Autre souci, les prêts accordés à l’Irlande portent un intérêt de 5,8% — nettement supérieur au taux de 5,2% consenti à la Grèce. Comment le pays va-t-il financer la lourde charge du remboursement des tels intérêts si les mesures d’austérité entraînent une profonde récession au cours des trois ou quatre prochaines années, comme beaucoup d’économistes le prévoient ?
Le gouvernement subit de vives critiques de toute part pour avoir bâti son budget 2011 sur une prévision de croissance totalement irréaliste de 2,75% par an ; c’est au contraire une contraction du même ordre qui est à craindre d’ici 2014.
L’Irlande est également critiquée pour avoir maintenu un taux d’imposition sur les sociétés à 12,5% (dumping fiscal). Cela la prive de précieuses recettes qu’elle s’en ira puiser dans la poche des classes les plus défavorisées via une baisse des prestations sociales dès 2011 puis une hausse de la TVA en 2012 et 2013.
Les banques irlandaises vont recevoir une injection de 35 milliards d’euros. Cependant, cela pourrait ne pas suffire à consolider leur bilan : un nouveau stress test moins « hédoniste » que celui de juillet dernier (qui se déroulera début 2011) inquiète la communauté financière.
▪ Les banques de gabarit planétaire sont étroitement interconnectées. Le pire était à craindre alors que les cours sont gonflés à l’hélium depuis des semaines à Wall Street (et une fois encore mercredi dernier, juste avant le week-end de Thanksgiving).
Les valeurs financières ont plongé à travers l’Europe, mais le secteur terminait en légère hausse à Wall Street. Comment ce qui tétanise les actionnaires européens pourrait-il laisser indifférent leurs homologues américains ?
Comment ne pas écarquiller les yeux devant les +1% de JP Morgan, les +1,5% de Bank of America ou les +1,85% de Well Fargo ou Regions Financial ? Cela représente un différentiel de performance de 5% par rapport à leurs consoeurs (et principales contreparties) européennes !
Plus de 3,5% d’écart entre le plus haut et le plus bas du jour en Europe, six heures de glissade ininterrompue et un sell-off au moment du fixing… Quelques heures plus tard, Wall Street a terminé pratiquement inchangé (-0,15% pour le S&P) après un repli initial qui n’a guère dépassé les -1,5%.
Une telle décorrélation entre les deux rives de l’Atlantique à l’issue d’une même séance — sans catalyseur identifiable — n’a plus été observée depuis des années !
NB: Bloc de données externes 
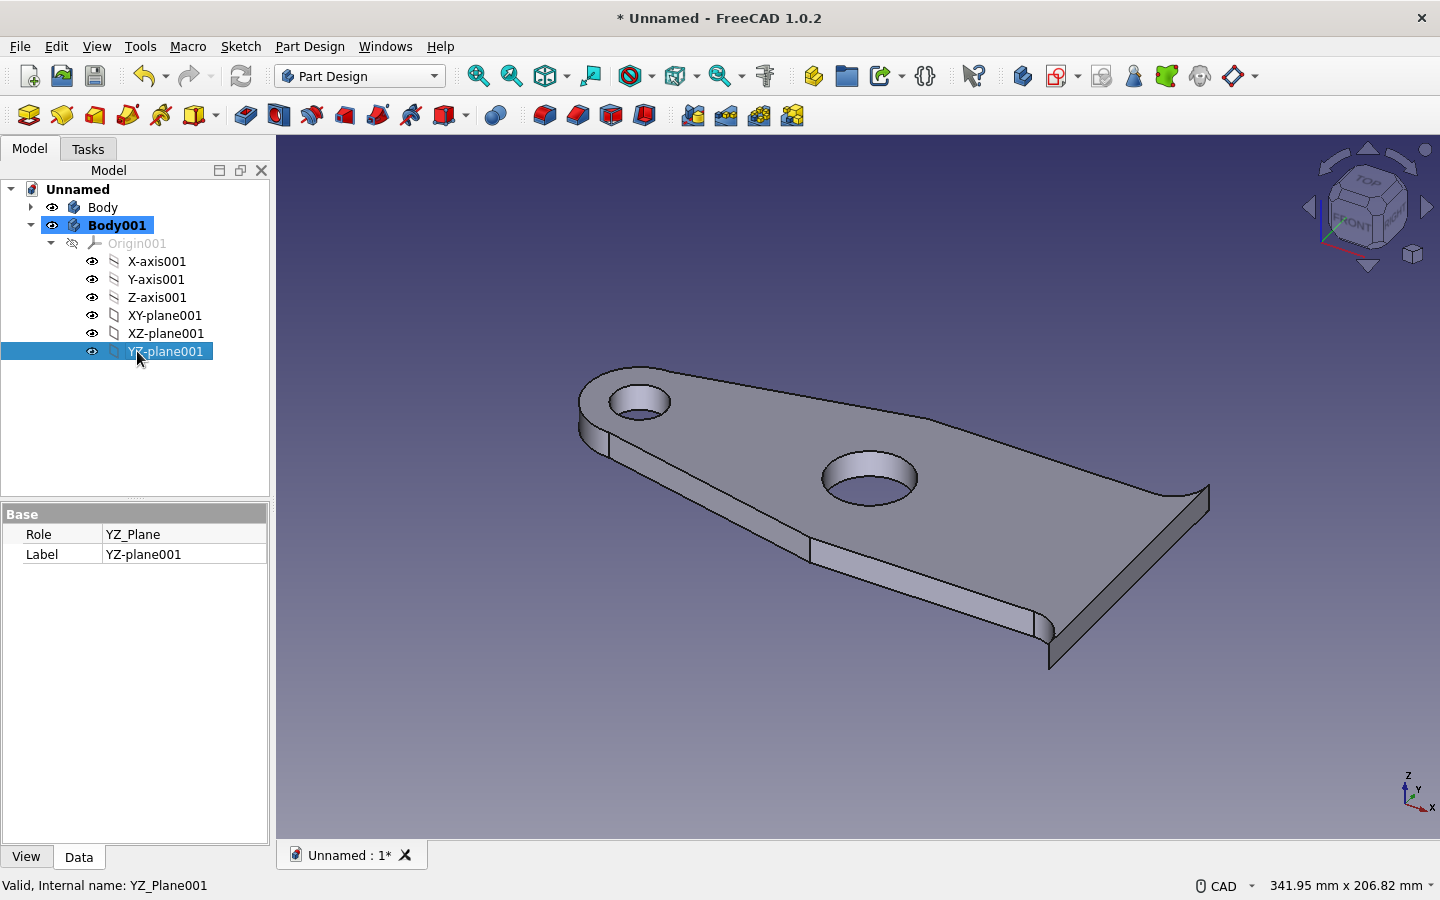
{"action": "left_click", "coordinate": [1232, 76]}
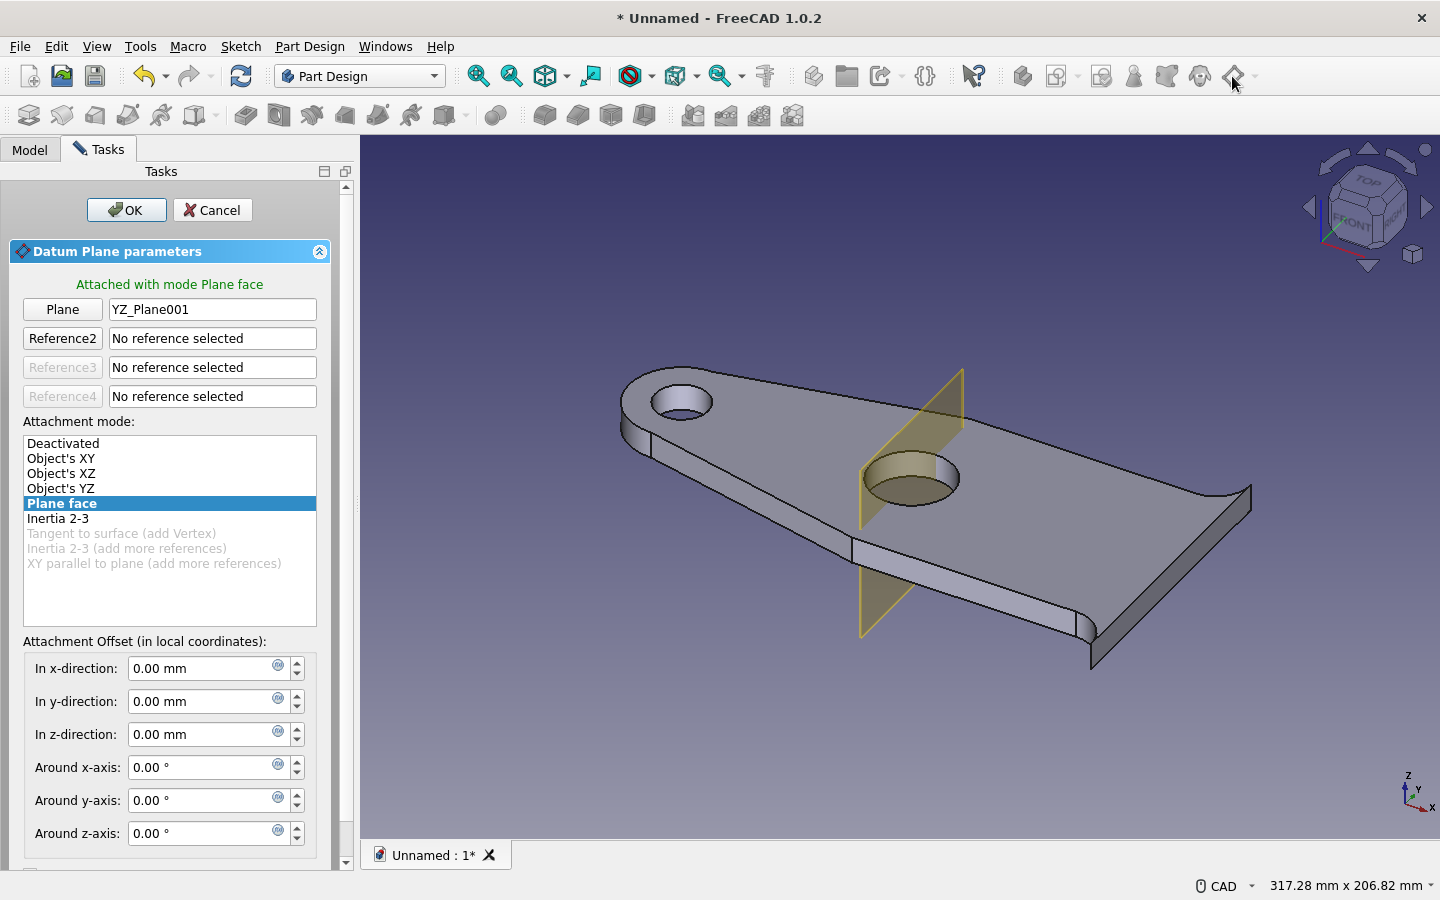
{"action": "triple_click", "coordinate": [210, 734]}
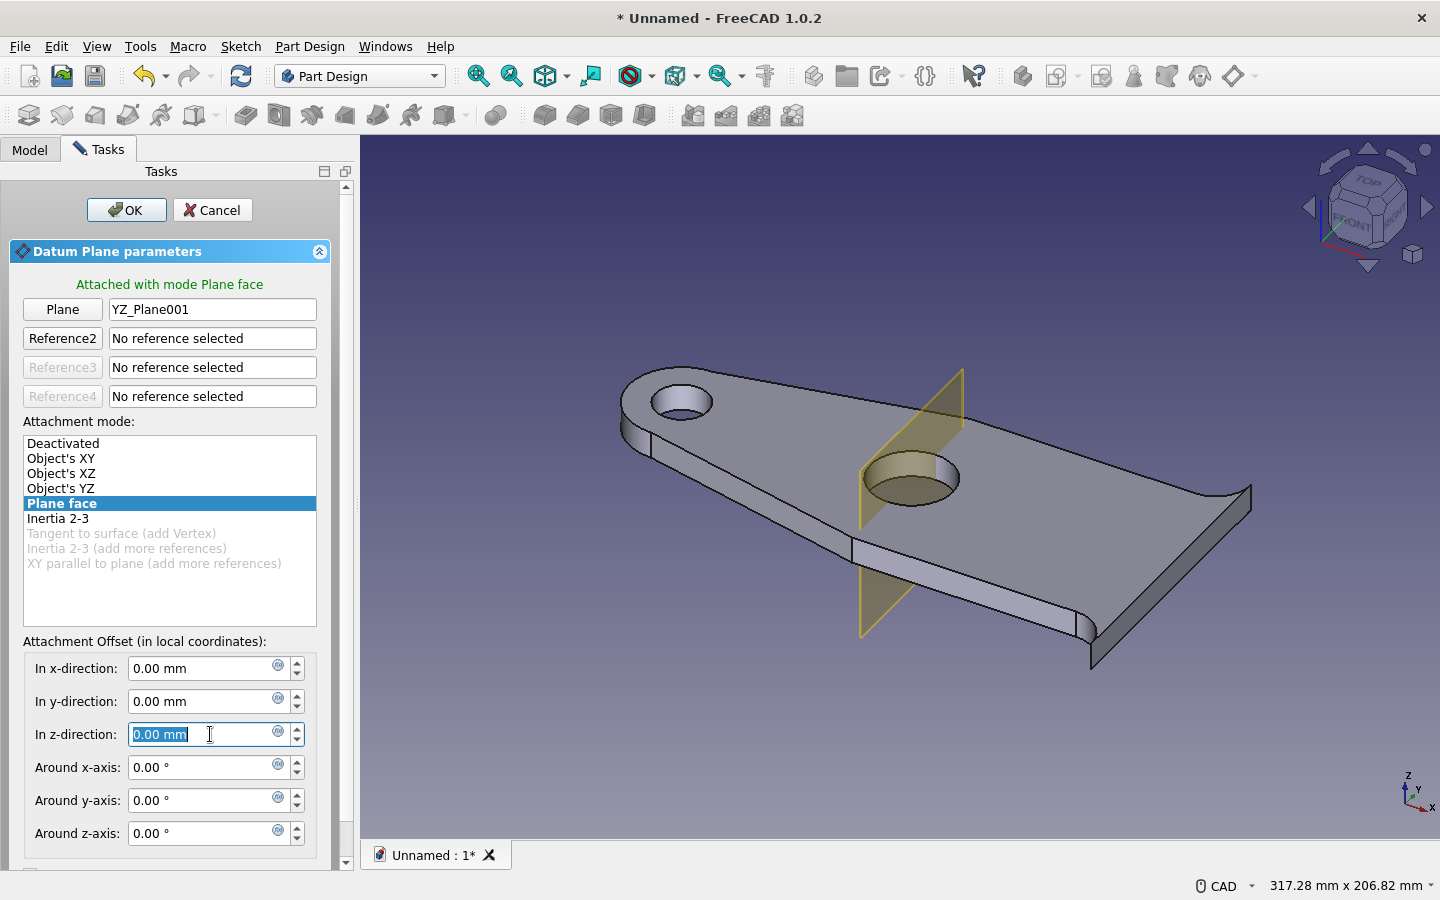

▪ Le scénario de ce lundi échappe largement à une analyse rationnelle. Se pourrait-il qu’après avoir délibérément ignoré les difficultés de l’Irlande durant des semaines, une soudaine « prise de conscience » des difficultés présentes ou à venir serait survenue chez certains investisseurs en Europe vers 10h30 hier matin ?
Il y a probablement derrière la chute de 2,5% des places européennes des calculs ou des informations qui demeurent inaccessibles à une très grosse majorité d’intervenants.